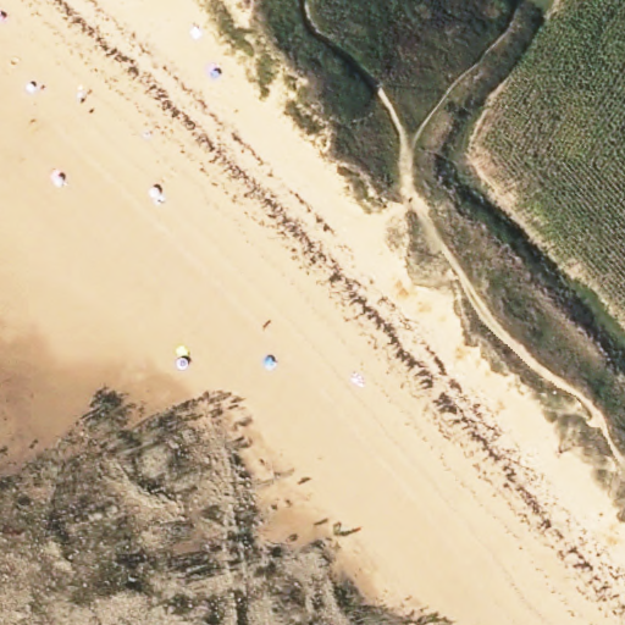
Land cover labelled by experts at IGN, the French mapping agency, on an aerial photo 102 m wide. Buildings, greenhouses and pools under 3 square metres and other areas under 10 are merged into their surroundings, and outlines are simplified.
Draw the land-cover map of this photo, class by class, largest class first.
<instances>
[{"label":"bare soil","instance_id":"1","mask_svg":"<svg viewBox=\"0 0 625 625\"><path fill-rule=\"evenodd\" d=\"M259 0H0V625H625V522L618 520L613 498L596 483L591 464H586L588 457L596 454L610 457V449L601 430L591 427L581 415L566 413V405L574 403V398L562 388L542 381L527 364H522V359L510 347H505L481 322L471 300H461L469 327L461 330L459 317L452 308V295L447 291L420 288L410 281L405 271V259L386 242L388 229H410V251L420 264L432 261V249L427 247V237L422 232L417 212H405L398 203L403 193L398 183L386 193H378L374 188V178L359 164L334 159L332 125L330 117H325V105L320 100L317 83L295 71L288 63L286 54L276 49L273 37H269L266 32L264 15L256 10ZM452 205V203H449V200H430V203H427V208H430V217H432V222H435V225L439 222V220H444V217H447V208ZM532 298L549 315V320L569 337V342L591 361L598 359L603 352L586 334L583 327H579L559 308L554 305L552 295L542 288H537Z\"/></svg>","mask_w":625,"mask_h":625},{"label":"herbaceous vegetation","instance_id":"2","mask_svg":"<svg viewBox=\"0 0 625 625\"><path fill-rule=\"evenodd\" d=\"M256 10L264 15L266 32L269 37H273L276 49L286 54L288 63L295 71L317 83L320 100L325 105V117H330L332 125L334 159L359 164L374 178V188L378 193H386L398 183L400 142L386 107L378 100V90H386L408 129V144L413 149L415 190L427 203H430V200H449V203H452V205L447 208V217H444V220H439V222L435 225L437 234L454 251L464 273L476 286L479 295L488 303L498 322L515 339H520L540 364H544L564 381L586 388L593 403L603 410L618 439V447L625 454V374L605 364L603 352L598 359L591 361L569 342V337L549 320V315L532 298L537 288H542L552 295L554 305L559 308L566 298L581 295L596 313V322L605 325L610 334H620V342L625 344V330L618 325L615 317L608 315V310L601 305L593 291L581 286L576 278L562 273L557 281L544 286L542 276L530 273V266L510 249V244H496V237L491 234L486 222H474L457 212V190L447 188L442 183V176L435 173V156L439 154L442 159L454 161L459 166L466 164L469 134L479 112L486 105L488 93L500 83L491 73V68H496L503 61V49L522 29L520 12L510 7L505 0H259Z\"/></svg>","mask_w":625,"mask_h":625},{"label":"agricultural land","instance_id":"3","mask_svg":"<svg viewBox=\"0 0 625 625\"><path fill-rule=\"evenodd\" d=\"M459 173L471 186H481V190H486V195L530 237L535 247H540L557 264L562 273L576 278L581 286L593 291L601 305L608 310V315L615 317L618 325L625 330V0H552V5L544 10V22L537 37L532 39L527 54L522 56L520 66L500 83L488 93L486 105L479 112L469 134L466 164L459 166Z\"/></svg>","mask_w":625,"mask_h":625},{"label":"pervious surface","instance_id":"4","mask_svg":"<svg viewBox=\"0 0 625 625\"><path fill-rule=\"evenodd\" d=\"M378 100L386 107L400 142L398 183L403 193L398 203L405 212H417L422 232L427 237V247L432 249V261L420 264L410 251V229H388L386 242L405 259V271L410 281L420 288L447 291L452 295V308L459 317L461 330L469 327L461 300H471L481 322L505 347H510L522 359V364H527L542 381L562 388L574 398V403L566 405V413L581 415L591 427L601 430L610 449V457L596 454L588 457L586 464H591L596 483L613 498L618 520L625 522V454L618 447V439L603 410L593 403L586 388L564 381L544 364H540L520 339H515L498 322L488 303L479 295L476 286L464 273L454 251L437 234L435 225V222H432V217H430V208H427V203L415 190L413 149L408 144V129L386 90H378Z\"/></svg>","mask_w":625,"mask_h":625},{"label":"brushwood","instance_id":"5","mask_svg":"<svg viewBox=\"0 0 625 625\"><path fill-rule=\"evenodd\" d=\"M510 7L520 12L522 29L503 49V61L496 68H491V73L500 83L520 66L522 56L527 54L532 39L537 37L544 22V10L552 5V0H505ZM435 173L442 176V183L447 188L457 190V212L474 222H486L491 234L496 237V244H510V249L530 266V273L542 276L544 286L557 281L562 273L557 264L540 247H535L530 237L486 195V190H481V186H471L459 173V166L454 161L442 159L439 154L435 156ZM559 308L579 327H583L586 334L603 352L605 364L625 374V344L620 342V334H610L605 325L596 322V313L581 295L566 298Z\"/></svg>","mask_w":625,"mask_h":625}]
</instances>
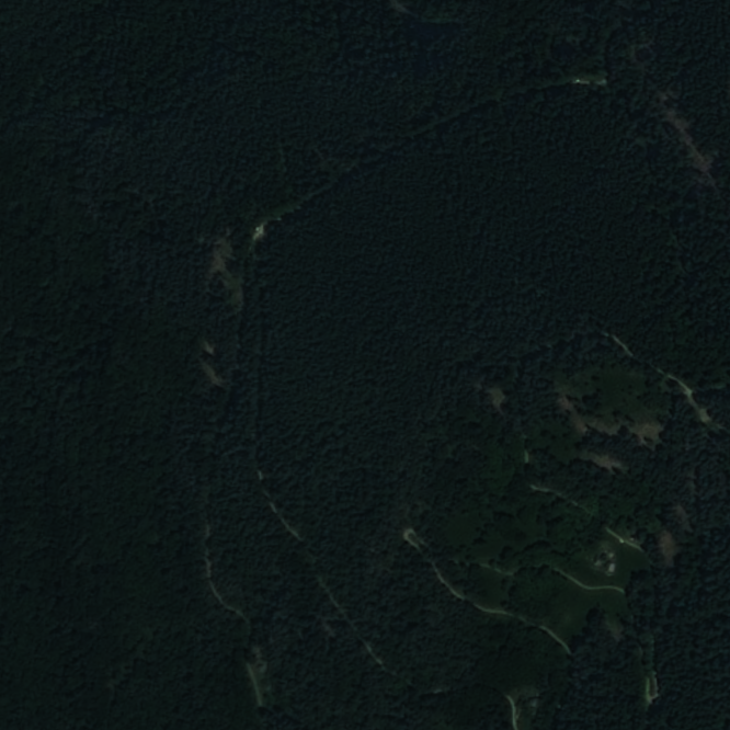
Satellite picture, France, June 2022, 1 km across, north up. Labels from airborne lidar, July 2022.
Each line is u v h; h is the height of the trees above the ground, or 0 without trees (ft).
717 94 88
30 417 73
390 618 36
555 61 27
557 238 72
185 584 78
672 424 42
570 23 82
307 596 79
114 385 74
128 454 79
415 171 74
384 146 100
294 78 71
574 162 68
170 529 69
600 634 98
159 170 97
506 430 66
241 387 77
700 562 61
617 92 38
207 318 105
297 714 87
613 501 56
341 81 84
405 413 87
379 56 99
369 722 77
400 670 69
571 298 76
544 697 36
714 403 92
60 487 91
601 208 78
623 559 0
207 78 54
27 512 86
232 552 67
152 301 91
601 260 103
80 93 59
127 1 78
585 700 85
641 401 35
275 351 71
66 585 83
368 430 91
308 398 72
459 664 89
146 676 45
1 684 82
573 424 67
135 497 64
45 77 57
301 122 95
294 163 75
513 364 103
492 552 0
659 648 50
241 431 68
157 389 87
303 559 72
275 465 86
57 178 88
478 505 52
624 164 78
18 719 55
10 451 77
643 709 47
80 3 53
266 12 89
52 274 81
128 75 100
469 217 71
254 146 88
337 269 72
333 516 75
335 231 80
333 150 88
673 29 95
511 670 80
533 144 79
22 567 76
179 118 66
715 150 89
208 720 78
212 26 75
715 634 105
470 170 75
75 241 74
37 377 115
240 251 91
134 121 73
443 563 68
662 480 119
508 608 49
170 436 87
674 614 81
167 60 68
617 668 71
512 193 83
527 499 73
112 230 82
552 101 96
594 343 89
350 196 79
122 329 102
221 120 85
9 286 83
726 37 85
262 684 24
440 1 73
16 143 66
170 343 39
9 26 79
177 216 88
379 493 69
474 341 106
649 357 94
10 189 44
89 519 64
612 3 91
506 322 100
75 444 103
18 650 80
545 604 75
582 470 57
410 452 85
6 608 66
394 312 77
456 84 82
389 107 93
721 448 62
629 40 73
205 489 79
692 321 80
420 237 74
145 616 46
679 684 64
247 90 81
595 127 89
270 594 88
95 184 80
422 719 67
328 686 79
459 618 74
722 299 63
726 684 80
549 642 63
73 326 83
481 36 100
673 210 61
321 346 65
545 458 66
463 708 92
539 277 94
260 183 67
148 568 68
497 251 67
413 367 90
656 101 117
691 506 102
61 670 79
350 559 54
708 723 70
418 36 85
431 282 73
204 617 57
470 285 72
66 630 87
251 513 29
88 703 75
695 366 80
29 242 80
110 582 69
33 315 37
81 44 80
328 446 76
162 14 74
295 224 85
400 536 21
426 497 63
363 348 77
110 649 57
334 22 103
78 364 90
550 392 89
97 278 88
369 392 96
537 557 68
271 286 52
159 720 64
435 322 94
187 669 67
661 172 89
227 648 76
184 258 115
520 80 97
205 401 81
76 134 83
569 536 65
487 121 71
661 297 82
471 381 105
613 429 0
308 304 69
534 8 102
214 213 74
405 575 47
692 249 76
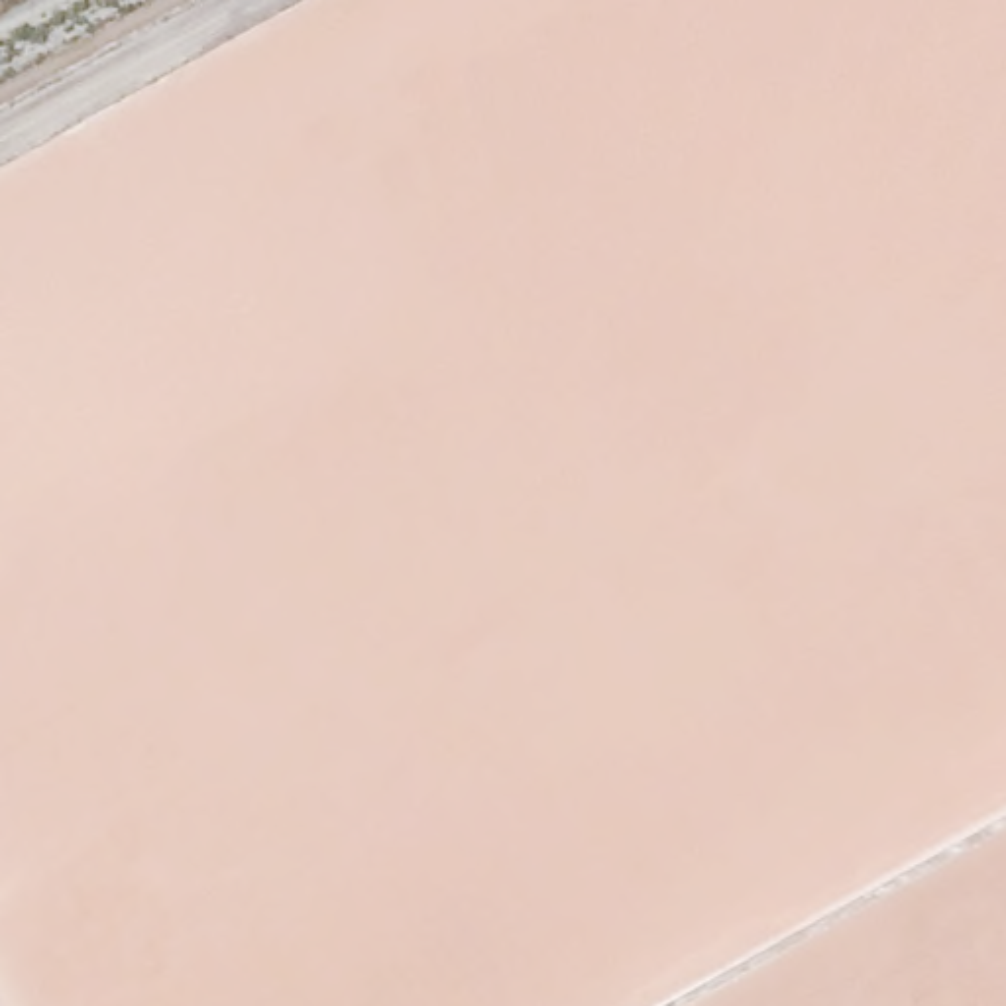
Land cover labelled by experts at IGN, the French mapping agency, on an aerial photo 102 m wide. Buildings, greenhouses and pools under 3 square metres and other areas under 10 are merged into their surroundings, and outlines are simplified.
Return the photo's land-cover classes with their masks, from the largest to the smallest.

---

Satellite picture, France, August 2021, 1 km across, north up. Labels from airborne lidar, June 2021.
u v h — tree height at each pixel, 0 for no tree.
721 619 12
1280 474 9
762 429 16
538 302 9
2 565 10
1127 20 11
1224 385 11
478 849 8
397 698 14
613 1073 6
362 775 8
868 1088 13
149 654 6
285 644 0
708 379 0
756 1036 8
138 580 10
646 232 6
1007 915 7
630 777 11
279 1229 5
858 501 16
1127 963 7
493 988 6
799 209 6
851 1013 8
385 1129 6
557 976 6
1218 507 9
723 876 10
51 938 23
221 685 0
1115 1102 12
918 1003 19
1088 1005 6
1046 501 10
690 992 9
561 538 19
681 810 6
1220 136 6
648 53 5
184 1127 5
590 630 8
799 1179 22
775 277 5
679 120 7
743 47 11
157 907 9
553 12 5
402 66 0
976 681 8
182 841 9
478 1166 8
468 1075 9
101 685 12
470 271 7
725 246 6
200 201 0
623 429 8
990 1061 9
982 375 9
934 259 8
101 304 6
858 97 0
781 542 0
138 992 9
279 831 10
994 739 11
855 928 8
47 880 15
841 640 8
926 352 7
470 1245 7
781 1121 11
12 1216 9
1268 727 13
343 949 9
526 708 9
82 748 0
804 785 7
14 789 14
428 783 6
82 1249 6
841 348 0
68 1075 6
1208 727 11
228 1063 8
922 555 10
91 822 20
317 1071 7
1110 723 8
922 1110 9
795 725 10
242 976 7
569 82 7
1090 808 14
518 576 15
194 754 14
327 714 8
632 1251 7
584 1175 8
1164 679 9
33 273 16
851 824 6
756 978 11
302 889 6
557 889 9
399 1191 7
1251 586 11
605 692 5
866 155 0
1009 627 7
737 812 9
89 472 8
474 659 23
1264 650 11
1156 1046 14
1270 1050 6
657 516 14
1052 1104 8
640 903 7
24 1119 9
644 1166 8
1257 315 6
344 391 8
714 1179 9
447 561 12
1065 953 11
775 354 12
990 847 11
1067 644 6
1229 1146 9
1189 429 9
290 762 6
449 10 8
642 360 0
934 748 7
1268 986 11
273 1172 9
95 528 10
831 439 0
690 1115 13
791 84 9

**Your goal:** Only lines containing the word "Satellite" should be copied from the material above.

**Answer to this exercise:**
Satellite picture, France, June 2022, 1 km across, north up. Labels from airborne lidar, July 2022.
Satellite picture, France, August 2021, 1 km across, north up. Labels from airborne lidar, June 2021.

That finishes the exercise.